Dean Roger Fairfax has presented arguments (as have other scholars – but notably not many practitioners) that the grand jury right should now be incorporated against the states, based largely on the wave of almost total incorporation in the last half century and the “normative policy” of “the infusion of community wisdom into the criminal process.” Meanwhile, the rare sandwich-throwing grand jury declination (see my introduction) cannot be ignored. Ultimately, my column today is offered not to advocate a firm conclusion, but to explain and offer some materials to qualify any view that incorporation is a foregone conclusion.

Conclusion

As I’ve noted previously, Gorsuch has been the leader in a “revolution” of expanding and defining the constitutional right to petit jury trials. Just last month, he again dissented from the denial of review in a trial jury case, asking whether the Seventh Amendment civil jury trial right should be incorporated against the states. As I noted at the top, Gorsuch already appears to believe that total incorporation is a foregone conclusion and is constitutionally required. I have no doubt that the grand jury right will soon appear on his, and perhaps the court’s, publicly-acknowledged radar.  

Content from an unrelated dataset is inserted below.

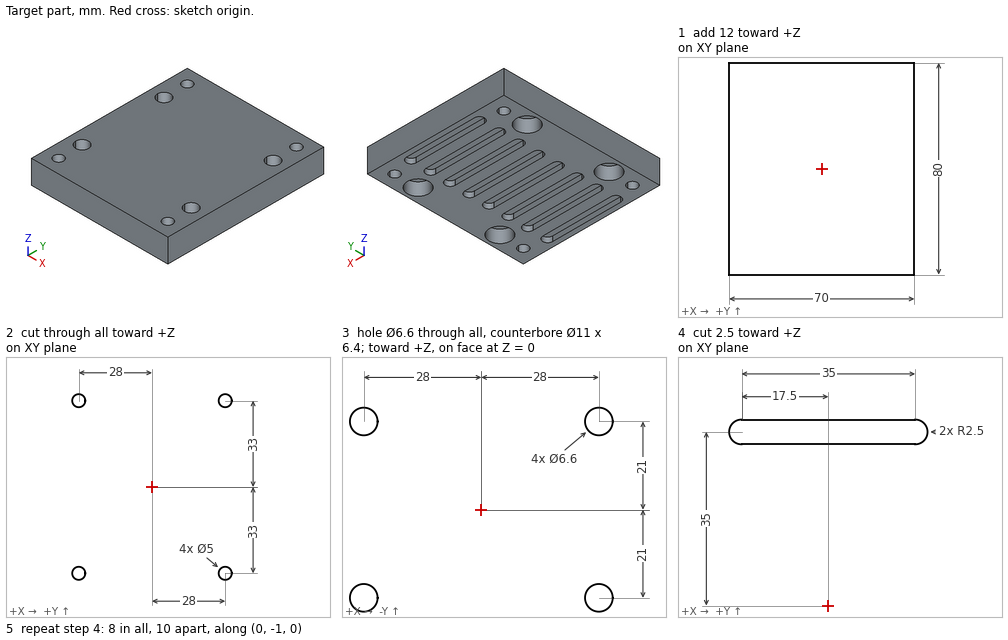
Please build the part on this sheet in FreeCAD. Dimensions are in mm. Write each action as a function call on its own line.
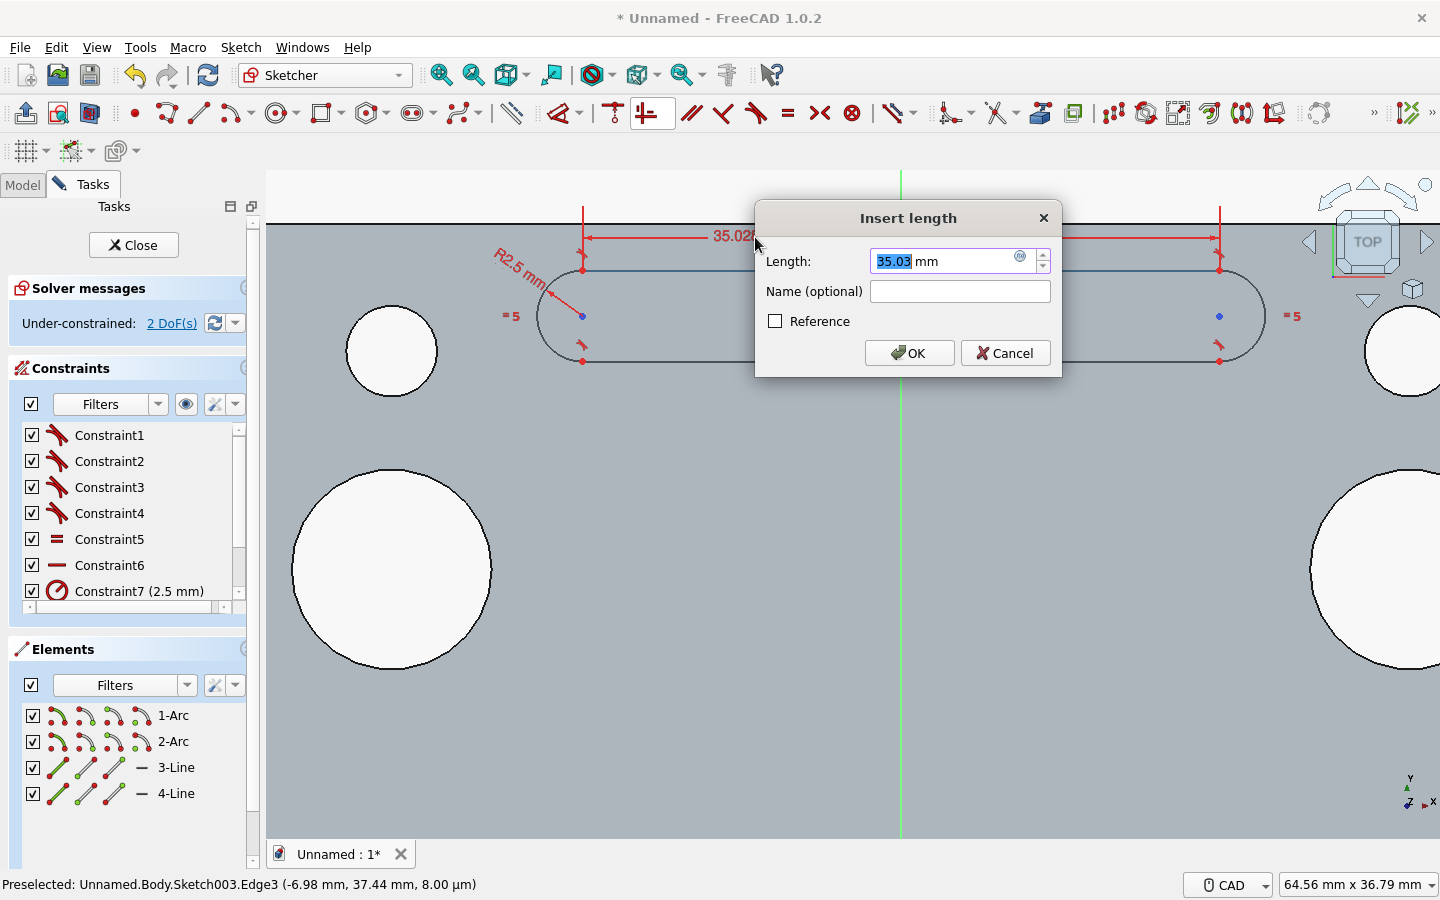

But the question whether Hurtado should be overruled and the grand jury process be constitutionally required, and defined, for all the states – including the majority that do not currently require it as well as the states that do not interpret it as the federal system does – raises deep constitutional interpretation and application questions, and carries huge practical consequences. Meanwhile, the right to initial grand jury charging is hardly so universally loved as the Hollywood portrayal of the right to petit jury trials, while the grand jury’s critics are many. The “politics” or ideology of the question are also not at all clear, running in different directions depending on the case. Given all this, the only thing I’m confident about is that the justices will pause long and carefully before deciding to disrupt 150 years of reliance in millions of criminal cases across well over half the nation.